The pattern, generalized

The pattern is “factory + interface + cached singleton + explicit reset for tests”. It’s how I’d write any swap-able infrastructure dependency in a small codebase. The cost is one interface file, one factory, and one “do not import in app code” escape hatch. The benefit is that the day the customer asks for it, the answer is “change KMS_PROVIDER=aws and fill in the stub” instead of “we need a quarter to refactor.”

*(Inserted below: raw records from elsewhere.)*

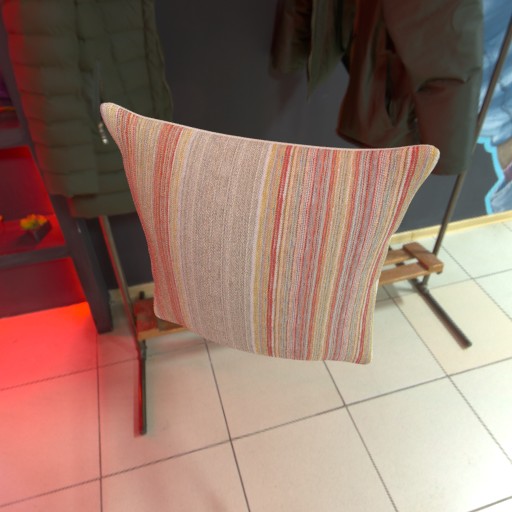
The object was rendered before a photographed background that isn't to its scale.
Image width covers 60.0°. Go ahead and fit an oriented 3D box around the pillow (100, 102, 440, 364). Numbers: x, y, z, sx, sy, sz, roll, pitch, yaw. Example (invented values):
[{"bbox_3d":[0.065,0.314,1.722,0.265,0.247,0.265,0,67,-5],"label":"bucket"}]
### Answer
[{"bbox_3d":[0.000,0.000,0.710,0.451,0.449,0.191,11,43,12],"label":"pillow"}]
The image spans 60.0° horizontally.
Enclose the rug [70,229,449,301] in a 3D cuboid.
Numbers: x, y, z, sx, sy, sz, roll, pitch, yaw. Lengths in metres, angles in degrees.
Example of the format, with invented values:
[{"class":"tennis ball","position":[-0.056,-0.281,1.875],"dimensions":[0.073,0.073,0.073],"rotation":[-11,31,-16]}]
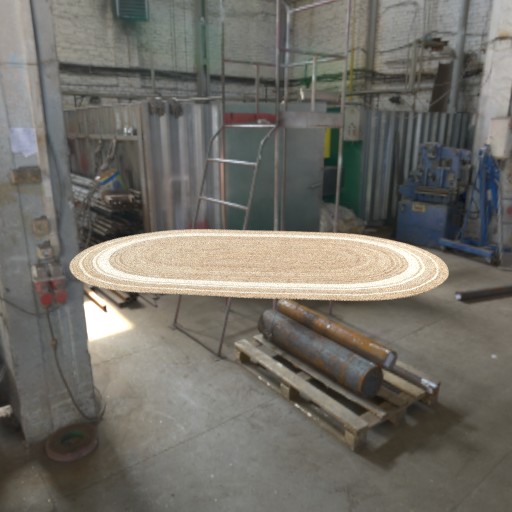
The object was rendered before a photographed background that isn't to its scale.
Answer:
[{"class":"rug","position":[0.000,0.000,2.986],"dimensions":[2.432,0.006,1.520],"rotation":[2,16,6]}]

The pattern only pays off if you actually have a current implementation that works. Don’t write an adapter without an implementation. A stub today + a working local impl is the minimum viable form; pure stubs are theater.

The take-away

A 28-line facade and a stub for the future-provider isn’t over-engineering — it’s the smallest possible answer to “could you move to KMS if you had to?” Done at the time you write the original 290 lines, it’s cheap. Done a year later under audit pressure, it’s a project.